:: Information given

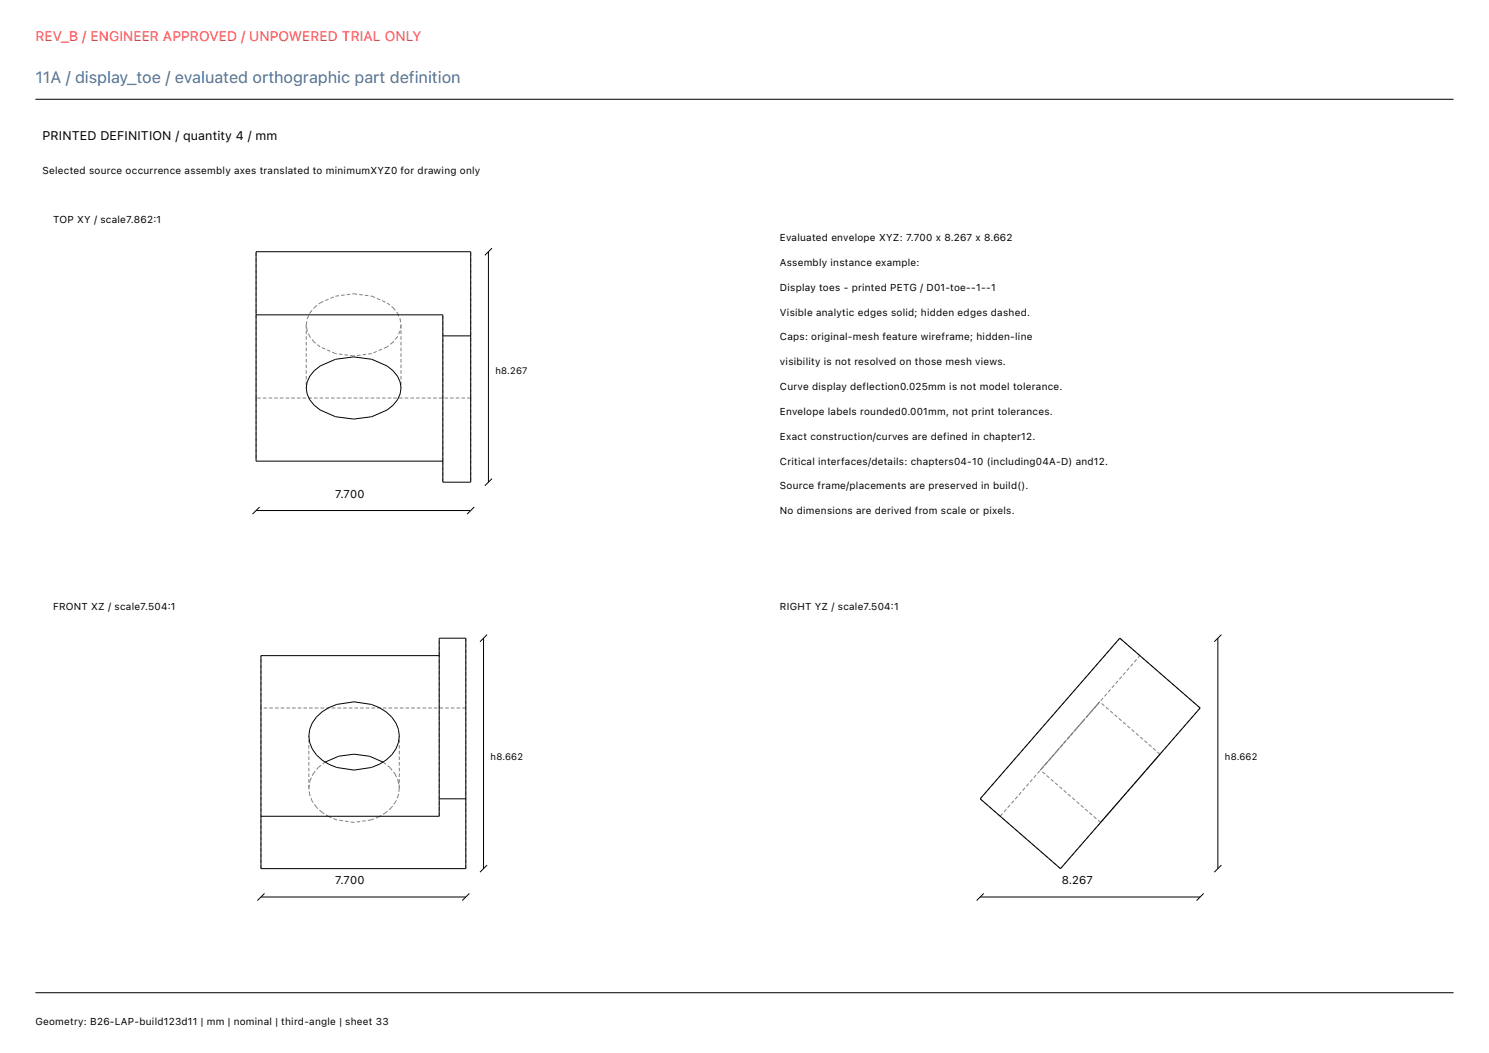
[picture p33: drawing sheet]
<svg xmlns="http://www.w3.org/2000/svg" width="420mm" height="297mm" viewBox="0 0 420 297" stroke-linecap="round" stroke-linejoin="round" font-family="sans-serif">
<defs><g id="words">
<text font-size="4.6" fill="#416e9e" x="10" y="23.4">11A / display_toe / evaluated orthographic part definition</text>
<text font-size="3.9" fill="#ff383c" x="10" y="11.7">REV_B / ENGINEER APPROVED / UNPOWERED TRIAL ONLY</text>
<text font-size="3.5" x="12" y="39.4">PRINTED DEFINITION / quantity 4 / mm</text>
<g font-size="3.2">
<text x="94.5" y="140.4">7.700</text>
<text x="94.5" y="249.4">7.700</text>
<text x="299.5" y="249.4">8.267</text>
</g>
<g font-size="2.8">
<text x="12" y="49">Selected source occurrence assembly axes translated to minimumXYZ0 for drawing only</text>
<text x="15" y="63">TOP XY / scale7.862:1</text>
<text x="220" y="68">Evaluated envelope XYZ: 7.700 x 8.267 x 8.662</text>
<text x="220" y="75">Assembly instance example:</text>
<text x="220" y="82">Display toes - printed PETG / D01-toe--1--1</text>
<text x="220" y="89">Visible analytic edges solid; hidden edges dashed.</text>
<text x="220" y="96">Caps: original-mesh feature wireframe; hidden-line</text>
<text x="220" y="103">visibility is not resolved on those mesh views.</text>
<text x="220" y="110">Curve display deflection0.025mm is not model tolerance.</text>
<text x="220" y="117">Envelope labels rounded0.001mm, not print tolerances.</text>
<text x="220" y="124">Exact construction/curves are defined in chapter12.</text>
<text x="220" y="131">Critical interfaces/details: chapters04-10 (including04A-D) and12.</text>
<text x="220" y="138">Source frame/placements are preserved in build().</text>
<text x="220" y="145">No dimensions are derived from scale or pixels.</text>
<text x="15" y="172">FRONT XZ / scale7.504:1</text>
<text x="220" y="172">RIGHT YZ / scale7.504:1</text>
<text x="10" y="289">Geometry: B26-LAP-build123d11 | mm | nominal | third-angle | sheet 33</text>
</g>
<g font-size="2.6">
<text x="139.8" y="105.4">h8.267</text>
<text x="138.4" y="214.4">h8.662</text>
<text x="345.5" y="214.4">h8.662</text>
</g>
</g></defs>
<g fill="none" stroke="#000" stroke-width=".28">
<path d="M10 28h400M137.8 71v65M138.8 70l-2 2M72.2 88.8h52.7v47.2h7.9v-65h-60.6v59.1h52.7M124.9 94.7h7.9M88.6 104.6a17.8 17.8 0 0 1 22.3 0 6.4 6.4 0 0 1 0 9.7 17.8 17.8 0 0 1-22.3 0 6.4 6.4 0 0 1 0-9.7zM138.8 135l-2 2M72.2 144h60.6M73.2 143l-2 2M133.8 143l-2 2M137.4 179l-2 2M344.5 179l-2 2"/>
<path d="M123.9 184.9h-50.3v60.1h57.8v-65h-7.5v50.2h-50.3M136.4 180v65M315.9 180l22.6 19.7-39.4 45.3-22.6-19.7zM343.5 180v65M89.3 202.2a15.3 15.3 0 0 1 21.2 0 7.9 7.9 0 0 1-1.6 12.2 15.5 15.5 0 0 1-19.6-1.5 7.7 7.7 0 0 1 0-10.7zM91.7 215a16.1 16.1 0 0 1 16.4 0M123.9 225.3h7.5M73.6 253h57.8M74.6 252l-2 2M132.4 252l-2 2M137.4 244l-2 2M276.5 253h62"/>
<path d="M277.5 252l-2 2M339.5 252l-2 2M344.5 244l-2 2M10 280h400"/>
</g>
<g fill="none" stroke="#7f7f7f" stroke-width=".28" stroke-dasharray="1 .6" stroke-linecap="butt">
<path d="M86.4 91.6l.2-1.7M86.4 91.6v17.8M86.6 89.9l.8-1.6M86.6 93.3l-.2-1.7M87.4 88.3l1.2-1.5M87.4 95l-.8-1.7M88.6 86.8l1.7-1.4M88.6 96.5l-1.2-1.5M90.3 85.4l4.3-1.9M90.3 97.8l-1.7-1.3M94.6 83.5l5.1-.6M94.6 99.7l-4.3-1.9"/>
<path d="M99.7 82.9l5.2 .6M104.9 83.5l4.3 1.9M104.9 99.7l-5.2 .7M109.2 85.4l1.7 1.4M109.2 97.8l-4.3 1.9M110.9 86.8l1.2 1.5M110.9 96.5l-1.7 1.3M112.1 88.3l.8 1.6M112.1 95l-1.2 1.5M112.9 89.9l.2 1.7M112.9 93.3l-.8 1.7M113.1 91.6l-.2 1.7"/>
<path d="M113.1 91.6v17.8M72.2 112.3v17.8M72.2 112.3v-41.3M99.7 100.4l-5.1-.7M132.8 112.3v23.7M132.8 112.3v-41.3M132.8 112.3h-60.6M124.9 130.1v5.9M124.9 130.1v-41.3M73.6 199.7v-14.8M123.9 184.9v-4.9M131.4 180v19.7"/>
<path d="M131.4 199.7h-57.8M308.9 199.4l.5-.5M309.4 198.9l.3-.4M309.4 198.9l-1 1.1M309.7 198.5l.3-.3M310 198.2l.2-.2M310 198.2l-.6 .7M310.2 198v-.1M310.2 197.9l-.2 .3M321.5 184.9l-5.6-4.9M338.5 199.7l-17-14.8M88.3 218.3l1.5-1.8"/>
<path d="M89.8 216.5l1.9-1.5M108.1 215l1.9 1.5M110 216.5l1.4 1.8M111.4 218.3l.9 2M293.5 217.2v-.1M293.5 217.1l.2-.1M293.7 217l-.2 .2M293.7 217l.2-.3M293.9 216.7l.4-.4M294.3 216.3l-.6 .7M294.3 216.3l.5-.6M294.8 215.7l.5-.6"/>
<path d="M295.3 215.1l-1 1.2M295.3 215.1l.6-.7M295.9 214.4l.7-.8M296.6 213.6l-1.3 1.5M296.6 213.6l.8-.9M297.4 212.7l.8-.9M298.2 211.8l-1.6 1.8M298.2 211.8l.9-1M299.1 210.8l.9-1.1M300 209.7l-1.8 2.1M300 209.7l.9-1M300.9 208.7l.9-1.1"/>
<path d="M301.8 207.6l1-1.1M301.8 207.6l-1.8 2.1M302.8 206.5l.9-1.1M303.7 205.4l.9-1M303.7 205.4l-1.9 2.2M304.6 204.4l.9-1M305.5 203.4l.8-.9M305.5 203.4l-1.8 2M306.3 202.5l.8-.9M307.1 201.6l.7-.8M307.1 201.6l-1.6 1.8M307.8 200.8l.6-.8"/>
<path d="M308.4 200l.5-.6M308.4 200l-1.3 1.6M321.6 219.2l.9-1M322.5 218.2l.8-1M322.5 218.2l-1.8 2M323.3 217.2l.7-.9M324 216.3l.7-.8M324 216.3l-1.5 1.9M324.7 215.5l.7-.7M325.4 214.8l.5-.6M325.4 214.8l-1.4 1.5M325.9 214.2l.5-.5"/>
<path d="M326.4 213.7l.3-.4M326.4 213.7l-1 1.1M326.7 213.3l.3-.3M327 213l.1-.2M327 213l-.6 .7M327.1 212.8l.1-.1M327.2 212.7l-.2 .3M327.2 212.7l-17-14.8M87.1 222.3l.3-2M87.1 222.3v-14.7M87.4 224.2l-.3-1.9M87.4 220.3l.9-2"/>
<path d="M88.1 226l-.7-1.8M89.3 227.7l-1.2-1.7M90.9 229.2l-1.6-1.5M92.8 230.4l-1.9-1.2M95 231.2l-2.2-.8M99.9 232l-4.9-.8M104.8 231.2l-4.9 .8M107 230.4l-2.2 .8M108.9 229.2l-1.9 1.2M110.5 227.7l-1.6 1.5M111.7 226l-1.2 1.7M112.3 220.3l.3 2"/>
<path d="M112.4 224.2l-.7 1.8M112.6 222.3l-.2 1.9M112.6 222.3v-14.7M123.9 230.2v-45.3M276.5 225.3l39.4-45.3M282.1 230.2l-5.6-4.9M282.1 230.2l39.4-45.3M310.5 232v-.1M310.5 232l-17-14.8M310.5 231.9l.2-.2M310.7 231.7l-.2 .3M310.7 231.7l.2-.3"/>
<path d="M310.9 231.4l.4-.4M311.3 231l-.6 .7M311.3 231l.4-.5M311.7 230.5l.6-.6M312.3 229.9l-1 1.1M312.3 229.9l.6-.7M312.9 229.2l.7-.9M313.6 228.3l-1.3 1.6M313.6 228.3l.8-.8M314.4 227.5l.8-1M315.2 226.5l-1.6 1.8M315.2 226.5l.9-1"/>
<path d="M316.1 225.5l.9-1M317 224.5l-1.8 2M317 224.5l.9-1.1M317.9 223.4l.9-1.1M318.8 222.3l1-1M318.8 222.3l-1.8 2.2M319.8 221.3l.9-1.1M320.7 220.2l.9-1M320.7 220.2l-1.9 2.1M73.6 245v-45.3M131.4 245v-45.3M299.1 245l-17-14.8"/>
<path d="M299.1 245l39.4-45.3"/>
</g>
<use href="#words"/>
</svg>

::::

▸ Description of the task: If a line in the data above holds the string "font", report that line.

▸ Expected answer:
<svg xmlns="http://www.w3.org/2000/svg" width="420mm" height="297mm" viewBox="0 0 420 297" stroke-linecap="round" stroke-linejoin="round" font-family="sans-serif">
<text font-size="4.6" fill="#416e9e" x="10" y="23.4">11A / display_toe / evaluated orthographic part definition</text>
<text font-size="3.9" fill="#ff383c" x="10" y="11.7">REV_B / ENGINEER APPROVED / UNPOWERED TRIAL ONLY</text>
<text font-size="3.5" x="12" y="39.4">PRINTED DEFINITION / quantity 4 / mm</text>
<g font-size="3.2">
<g font-size="2.8">
<g font-size="2.6">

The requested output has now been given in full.